BEGIN WORKING DATA

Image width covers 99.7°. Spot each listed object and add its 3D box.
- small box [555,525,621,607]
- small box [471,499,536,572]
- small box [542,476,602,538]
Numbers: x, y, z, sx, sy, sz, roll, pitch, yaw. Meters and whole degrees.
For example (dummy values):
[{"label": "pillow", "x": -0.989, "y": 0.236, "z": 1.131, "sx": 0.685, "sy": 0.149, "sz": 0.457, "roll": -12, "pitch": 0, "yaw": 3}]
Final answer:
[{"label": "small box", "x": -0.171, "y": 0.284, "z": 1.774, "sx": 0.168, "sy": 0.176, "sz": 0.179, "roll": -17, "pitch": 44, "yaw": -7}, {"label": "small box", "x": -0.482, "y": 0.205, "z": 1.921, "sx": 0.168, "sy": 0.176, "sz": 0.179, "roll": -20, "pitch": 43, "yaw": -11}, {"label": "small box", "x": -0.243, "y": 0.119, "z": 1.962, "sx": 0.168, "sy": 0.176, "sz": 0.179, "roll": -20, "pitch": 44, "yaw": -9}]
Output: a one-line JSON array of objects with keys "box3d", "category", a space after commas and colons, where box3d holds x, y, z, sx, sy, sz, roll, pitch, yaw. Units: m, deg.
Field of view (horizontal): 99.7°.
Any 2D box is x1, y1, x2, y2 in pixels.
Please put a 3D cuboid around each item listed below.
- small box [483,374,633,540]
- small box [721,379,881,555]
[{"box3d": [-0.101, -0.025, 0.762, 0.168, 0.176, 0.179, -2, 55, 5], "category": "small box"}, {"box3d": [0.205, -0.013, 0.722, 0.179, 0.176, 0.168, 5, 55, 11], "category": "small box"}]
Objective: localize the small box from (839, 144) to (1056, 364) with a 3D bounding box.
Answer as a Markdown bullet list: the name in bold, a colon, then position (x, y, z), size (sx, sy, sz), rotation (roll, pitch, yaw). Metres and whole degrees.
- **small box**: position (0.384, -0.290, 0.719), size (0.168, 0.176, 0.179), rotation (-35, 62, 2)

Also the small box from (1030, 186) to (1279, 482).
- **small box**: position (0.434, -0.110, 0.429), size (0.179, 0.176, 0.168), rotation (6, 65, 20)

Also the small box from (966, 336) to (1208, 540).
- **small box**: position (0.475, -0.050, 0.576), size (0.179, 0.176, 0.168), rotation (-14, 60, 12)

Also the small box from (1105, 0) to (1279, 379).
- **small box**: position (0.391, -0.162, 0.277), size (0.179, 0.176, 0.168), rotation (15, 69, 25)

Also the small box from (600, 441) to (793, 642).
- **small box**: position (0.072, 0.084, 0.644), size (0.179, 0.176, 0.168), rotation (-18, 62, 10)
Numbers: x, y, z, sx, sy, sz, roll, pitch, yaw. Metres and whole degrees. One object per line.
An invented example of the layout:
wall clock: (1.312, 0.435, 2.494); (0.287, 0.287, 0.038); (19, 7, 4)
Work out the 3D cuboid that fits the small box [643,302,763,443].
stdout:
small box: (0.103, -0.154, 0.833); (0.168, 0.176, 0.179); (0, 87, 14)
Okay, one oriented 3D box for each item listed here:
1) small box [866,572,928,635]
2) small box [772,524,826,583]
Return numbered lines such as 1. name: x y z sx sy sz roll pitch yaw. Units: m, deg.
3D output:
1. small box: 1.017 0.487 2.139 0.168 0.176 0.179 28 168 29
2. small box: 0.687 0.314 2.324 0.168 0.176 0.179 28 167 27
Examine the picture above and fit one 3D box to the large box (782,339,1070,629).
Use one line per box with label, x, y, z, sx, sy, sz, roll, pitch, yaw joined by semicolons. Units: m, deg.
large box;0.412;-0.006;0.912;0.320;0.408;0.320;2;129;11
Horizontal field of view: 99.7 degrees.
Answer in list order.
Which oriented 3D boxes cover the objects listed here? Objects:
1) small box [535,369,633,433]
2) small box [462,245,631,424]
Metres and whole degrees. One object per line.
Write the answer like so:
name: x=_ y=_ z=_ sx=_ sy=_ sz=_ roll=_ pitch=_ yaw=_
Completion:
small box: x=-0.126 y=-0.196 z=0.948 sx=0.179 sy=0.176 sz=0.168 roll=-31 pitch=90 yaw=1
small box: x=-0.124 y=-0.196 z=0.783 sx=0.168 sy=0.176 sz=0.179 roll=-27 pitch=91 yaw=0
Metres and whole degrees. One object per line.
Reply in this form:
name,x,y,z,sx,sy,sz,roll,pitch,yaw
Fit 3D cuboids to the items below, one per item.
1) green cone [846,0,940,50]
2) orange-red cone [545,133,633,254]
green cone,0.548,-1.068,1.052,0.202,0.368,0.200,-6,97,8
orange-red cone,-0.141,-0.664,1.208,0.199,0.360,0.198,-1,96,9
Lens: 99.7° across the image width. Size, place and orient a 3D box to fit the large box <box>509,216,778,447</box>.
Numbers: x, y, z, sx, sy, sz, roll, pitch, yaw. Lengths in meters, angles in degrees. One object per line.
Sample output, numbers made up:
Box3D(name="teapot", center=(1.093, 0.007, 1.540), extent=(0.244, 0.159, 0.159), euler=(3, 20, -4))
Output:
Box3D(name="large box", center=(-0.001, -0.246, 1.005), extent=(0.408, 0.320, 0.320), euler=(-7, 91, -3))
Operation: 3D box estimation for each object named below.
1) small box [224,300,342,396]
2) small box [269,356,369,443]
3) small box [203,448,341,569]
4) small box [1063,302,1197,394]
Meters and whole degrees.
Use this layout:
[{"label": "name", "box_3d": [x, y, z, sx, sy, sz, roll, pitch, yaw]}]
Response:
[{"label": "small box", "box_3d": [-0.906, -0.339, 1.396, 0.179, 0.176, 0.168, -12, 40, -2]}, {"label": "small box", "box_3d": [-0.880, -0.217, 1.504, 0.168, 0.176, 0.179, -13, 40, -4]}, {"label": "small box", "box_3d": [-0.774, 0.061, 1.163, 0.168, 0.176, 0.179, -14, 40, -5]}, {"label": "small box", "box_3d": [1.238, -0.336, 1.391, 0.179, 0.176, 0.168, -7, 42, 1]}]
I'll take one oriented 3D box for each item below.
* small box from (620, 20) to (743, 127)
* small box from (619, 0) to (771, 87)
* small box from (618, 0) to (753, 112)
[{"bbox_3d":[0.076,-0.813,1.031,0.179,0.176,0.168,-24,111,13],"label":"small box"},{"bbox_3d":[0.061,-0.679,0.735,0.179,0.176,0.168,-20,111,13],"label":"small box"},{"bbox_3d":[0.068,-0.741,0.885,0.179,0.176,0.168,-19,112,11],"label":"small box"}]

END WORKING DATA

◆ **PROBLEM DESCRIPTION**: Your answer must be a single number: how many lines of the entries above contain the string "listed".

◆ **RESPONSE TO THE EXERCISE**: 4